Go to the line containing "And the cardboard box (191,8,209,24)." and return it and each line after it exactly, through the end of the data below, and nothing more.

- - -

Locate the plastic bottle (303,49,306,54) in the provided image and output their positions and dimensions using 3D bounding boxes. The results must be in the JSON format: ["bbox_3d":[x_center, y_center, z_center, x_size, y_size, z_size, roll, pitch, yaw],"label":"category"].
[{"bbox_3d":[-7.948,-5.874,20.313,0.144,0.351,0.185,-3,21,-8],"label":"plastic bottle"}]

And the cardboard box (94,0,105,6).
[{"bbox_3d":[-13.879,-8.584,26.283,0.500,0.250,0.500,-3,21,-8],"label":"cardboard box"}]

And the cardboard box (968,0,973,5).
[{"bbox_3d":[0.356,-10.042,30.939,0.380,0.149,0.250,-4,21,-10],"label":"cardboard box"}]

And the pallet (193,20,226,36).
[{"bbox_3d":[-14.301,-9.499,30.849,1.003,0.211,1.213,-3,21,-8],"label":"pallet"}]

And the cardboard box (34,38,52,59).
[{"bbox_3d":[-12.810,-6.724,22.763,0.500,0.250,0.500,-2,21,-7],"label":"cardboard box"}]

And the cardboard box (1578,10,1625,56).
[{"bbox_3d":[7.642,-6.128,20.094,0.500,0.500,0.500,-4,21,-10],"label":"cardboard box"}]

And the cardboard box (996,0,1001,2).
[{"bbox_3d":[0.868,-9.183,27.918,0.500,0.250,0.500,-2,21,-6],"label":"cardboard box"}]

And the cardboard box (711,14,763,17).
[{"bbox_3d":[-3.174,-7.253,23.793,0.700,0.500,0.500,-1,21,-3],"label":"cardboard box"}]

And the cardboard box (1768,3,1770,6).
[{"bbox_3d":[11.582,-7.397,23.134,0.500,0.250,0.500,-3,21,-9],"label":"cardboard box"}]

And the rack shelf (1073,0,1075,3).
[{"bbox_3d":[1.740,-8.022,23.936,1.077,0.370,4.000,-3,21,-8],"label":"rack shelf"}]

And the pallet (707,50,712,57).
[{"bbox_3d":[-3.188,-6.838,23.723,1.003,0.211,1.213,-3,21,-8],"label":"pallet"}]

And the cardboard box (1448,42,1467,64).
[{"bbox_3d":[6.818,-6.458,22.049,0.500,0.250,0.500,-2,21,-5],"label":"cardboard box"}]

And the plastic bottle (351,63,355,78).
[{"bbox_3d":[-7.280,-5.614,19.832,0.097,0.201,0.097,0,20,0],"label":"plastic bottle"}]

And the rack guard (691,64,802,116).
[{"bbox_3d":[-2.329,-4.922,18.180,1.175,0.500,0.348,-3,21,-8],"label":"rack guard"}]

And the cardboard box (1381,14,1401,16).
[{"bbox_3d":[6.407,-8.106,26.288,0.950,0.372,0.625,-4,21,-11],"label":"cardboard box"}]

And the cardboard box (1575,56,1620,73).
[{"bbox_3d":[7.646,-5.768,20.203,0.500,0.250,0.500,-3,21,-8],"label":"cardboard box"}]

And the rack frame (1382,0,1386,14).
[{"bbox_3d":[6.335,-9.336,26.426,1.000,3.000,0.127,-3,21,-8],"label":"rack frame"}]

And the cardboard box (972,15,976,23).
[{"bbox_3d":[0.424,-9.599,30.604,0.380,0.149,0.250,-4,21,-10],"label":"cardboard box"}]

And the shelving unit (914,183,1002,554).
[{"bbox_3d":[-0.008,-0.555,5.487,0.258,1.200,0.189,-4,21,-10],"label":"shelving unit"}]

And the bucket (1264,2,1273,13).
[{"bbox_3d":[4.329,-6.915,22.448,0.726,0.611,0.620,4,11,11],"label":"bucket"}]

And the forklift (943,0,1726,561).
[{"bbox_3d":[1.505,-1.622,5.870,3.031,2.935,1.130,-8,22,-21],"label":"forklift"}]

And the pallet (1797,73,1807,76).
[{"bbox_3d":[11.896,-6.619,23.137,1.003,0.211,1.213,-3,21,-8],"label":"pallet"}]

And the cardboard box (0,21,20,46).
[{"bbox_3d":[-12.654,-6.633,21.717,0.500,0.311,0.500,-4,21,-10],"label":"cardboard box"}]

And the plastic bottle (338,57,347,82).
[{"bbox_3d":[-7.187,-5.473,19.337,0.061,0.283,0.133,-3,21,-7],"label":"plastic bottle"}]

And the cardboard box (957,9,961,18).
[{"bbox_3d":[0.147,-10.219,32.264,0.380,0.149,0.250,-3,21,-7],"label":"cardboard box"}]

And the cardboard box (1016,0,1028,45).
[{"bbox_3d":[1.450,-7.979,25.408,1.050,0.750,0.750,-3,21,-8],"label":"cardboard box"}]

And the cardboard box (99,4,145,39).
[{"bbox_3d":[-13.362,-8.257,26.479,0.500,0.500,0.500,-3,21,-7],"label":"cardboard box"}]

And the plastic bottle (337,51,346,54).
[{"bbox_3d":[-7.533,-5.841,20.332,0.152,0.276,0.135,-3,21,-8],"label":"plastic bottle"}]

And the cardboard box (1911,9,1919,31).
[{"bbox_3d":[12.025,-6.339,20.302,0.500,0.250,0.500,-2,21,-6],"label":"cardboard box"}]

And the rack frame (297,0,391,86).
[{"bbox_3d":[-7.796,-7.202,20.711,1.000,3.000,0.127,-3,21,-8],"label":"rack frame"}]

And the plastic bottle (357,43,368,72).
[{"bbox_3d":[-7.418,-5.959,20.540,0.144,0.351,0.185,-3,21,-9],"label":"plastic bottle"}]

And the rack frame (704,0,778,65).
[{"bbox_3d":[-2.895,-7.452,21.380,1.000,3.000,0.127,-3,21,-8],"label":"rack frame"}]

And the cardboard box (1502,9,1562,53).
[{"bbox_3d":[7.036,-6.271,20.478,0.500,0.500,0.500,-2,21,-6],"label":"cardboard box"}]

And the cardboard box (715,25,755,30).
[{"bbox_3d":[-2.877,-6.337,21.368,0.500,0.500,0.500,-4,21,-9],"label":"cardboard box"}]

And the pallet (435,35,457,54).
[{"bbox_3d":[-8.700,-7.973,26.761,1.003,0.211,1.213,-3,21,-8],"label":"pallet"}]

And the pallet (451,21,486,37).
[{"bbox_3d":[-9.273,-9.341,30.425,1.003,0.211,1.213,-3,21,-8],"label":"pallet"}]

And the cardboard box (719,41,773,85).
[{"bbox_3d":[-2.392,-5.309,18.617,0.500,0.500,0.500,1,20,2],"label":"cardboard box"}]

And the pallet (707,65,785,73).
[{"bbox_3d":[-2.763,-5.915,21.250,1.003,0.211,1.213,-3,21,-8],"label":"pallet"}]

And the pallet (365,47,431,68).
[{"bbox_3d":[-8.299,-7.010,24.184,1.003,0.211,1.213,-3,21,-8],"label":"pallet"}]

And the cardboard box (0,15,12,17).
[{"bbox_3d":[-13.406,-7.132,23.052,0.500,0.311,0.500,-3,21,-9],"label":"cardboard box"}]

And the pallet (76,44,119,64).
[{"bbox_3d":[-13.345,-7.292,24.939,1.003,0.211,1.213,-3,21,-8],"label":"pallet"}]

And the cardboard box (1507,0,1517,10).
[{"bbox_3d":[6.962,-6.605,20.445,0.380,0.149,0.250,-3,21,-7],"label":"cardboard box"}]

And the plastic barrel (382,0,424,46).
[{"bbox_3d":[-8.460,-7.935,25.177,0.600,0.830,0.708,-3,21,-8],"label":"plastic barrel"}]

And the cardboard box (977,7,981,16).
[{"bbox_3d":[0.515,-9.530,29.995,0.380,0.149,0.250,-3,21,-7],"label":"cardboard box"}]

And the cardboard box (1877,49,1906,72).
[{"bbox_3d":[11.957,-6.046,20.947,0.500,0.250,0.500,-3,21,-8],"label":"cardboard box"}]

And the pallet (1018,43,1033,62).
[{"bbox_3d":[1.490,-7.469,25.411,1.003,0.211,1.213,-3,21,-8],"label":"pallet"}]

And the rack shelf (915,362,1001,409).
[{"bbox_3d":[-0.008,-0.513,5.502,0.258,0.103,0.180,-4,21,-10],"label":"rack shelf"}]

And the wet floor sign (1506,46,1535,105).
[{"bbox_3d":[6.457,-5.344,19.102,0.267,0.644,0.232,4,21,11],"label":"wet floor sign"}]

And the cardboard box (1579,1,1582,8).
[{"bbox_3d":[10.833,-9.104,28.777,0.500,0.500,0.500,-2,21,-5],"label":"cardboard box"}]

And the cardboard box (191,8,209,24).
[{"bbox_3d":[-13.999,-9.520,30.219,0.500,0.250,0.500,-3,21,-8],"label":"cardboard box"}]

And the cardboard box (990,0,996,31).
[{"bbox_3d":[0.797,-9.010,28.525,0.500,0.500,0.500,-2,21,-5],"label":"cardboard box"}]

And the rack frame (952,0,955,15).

- - -

▸ Response area:
And the cardboard box (191,8,209,24).
[{"bbox_3d":[-13.999,-9.520,30.219,0.500,0.250,0.500,-3,21,-8],"label":"cardboard box"}]

And the cardboard box (990,0,996,31).
[{"bbox_3d":[0.797,-9.010,28.525,0.500,0.500,0.500,-2,21,-5],"label":"cardboard box"}]

And the rack frame (952,0,955,15).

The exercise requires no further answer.